- [WORK REQUIRED]
Only an exact repetition of the lines from the one that holds "#10 pencil case at [232, 0, 312, 49]" to the end of the records is wanted.

Collected data
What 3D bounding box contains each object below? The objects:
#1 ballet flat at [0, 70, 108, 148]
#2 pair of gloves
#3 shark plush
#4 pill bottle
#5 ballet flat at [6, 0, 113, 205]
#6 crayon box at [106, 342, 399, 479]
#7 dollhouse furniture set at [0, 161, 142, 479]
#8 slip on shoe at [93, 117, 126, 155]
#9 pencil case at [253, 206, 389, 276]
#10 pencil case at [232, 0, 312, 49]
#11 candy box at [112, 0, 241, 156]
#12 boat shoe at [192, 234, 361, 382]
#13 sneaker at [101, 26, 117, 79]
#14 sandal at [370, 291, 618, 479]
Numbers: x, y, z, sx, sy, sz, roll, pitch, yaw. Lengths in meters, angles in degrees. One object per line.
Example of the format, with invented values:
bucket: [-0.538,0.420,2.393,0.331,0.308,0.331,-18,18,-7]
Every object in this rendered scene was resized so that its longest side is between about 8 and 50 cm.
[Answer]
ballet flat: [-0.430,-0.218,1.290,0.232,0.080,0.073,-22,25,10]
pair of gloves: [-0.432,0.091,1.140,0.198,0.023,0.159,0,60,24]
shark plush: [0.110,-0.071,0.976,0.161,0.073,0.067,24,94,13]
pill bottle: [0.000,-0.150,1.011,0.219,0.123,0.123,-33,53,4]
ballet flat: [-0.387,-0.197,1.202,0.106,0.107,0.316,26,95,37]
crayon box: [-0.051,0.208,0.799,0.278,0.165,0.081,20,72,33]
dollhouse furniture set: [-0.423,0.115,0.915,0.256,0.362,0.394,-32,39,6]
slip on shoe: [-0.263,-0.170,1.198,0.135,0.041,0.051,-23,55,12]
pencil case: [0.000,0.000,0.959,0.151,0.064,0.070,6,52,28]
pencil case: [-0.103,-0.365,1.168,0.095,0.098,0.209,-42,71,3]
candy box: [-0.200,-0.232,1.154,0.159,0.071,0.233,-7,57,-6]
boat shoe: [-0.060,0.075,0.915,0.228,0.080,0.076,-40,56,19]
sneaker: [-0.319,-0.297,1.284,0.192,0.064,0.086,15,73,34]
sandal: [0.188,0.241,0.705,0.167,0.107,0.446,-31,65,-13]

- [FINISHED TASK]
#10 pencil case at [232, 0, 312, 49]
#11 candy box at [112, 0, 241, 156]
#12 boat shoe at [192, 234, 361, 382]
#13 sneaker at [101, 26, 117, 79]
#14 sandal at [370, 291, 618, 479]
Numbers: x, y, z, sx, sy, sz, roll, pitch, yaw. Lengths in meters, angles in degrees. One object per line.
Example of the format, with invented values:
bucket: [-0.538,0.420,2.393,0.331,0.308,0.331,-18,18,-7]
Every object in this rendered scene was resized so that its longest side is between about 8 and 50 cm.
[Answer]
ballet flat: [-0.430,-0.218,1.290,0.232,0.080,0.073,-22,25,10]
pair of gloves: [-0.432,0.091,1.140,0.198,0.023,0.159,0,60,24]
shark plush: [0.110,-0.071,0.976,0.161,0.073,0.067,24,94,13]
pill bottle: [0.000,-0.150,1.011,0.219,0.123,0.123,-33,53,4]
ballet flat: [-0.387,-0.197,1.202,0.106,0.107,0.316,26,95,37]
crayon box: [-0.051,0.208,0.799,0.278,0.165,0.081,20,72,33]
dollhouse furniture set: [-0.423,0.115,0.915,0.256,0.362,0.394,-32,39,6]
slip on shoe: [-0.263,-0.170,1.198,0.135,0.041,0.051,-23,55,12]
pencil case: [0.000,0.000,0.959,0.151,0.064,0.070,6,52,28]
pencil case: [-0.103,-0.365,1.168,0.095,0.098,0.209,-42,71,3]
candy box: [-0.200,-0.232,1.154,0.159,0.071,0.233,-7,57,-6]
boat shoe: [-0.060,0.075,0.915,0.228,0.080,0.076,-40,56,19]
sneaker: [-0.319,-0.297,1.284,0.192,0.064,0.086,15,73,34]
sandal: [0.188,0.241,0.705,0.167,0.107,0.446,-31,65,-13]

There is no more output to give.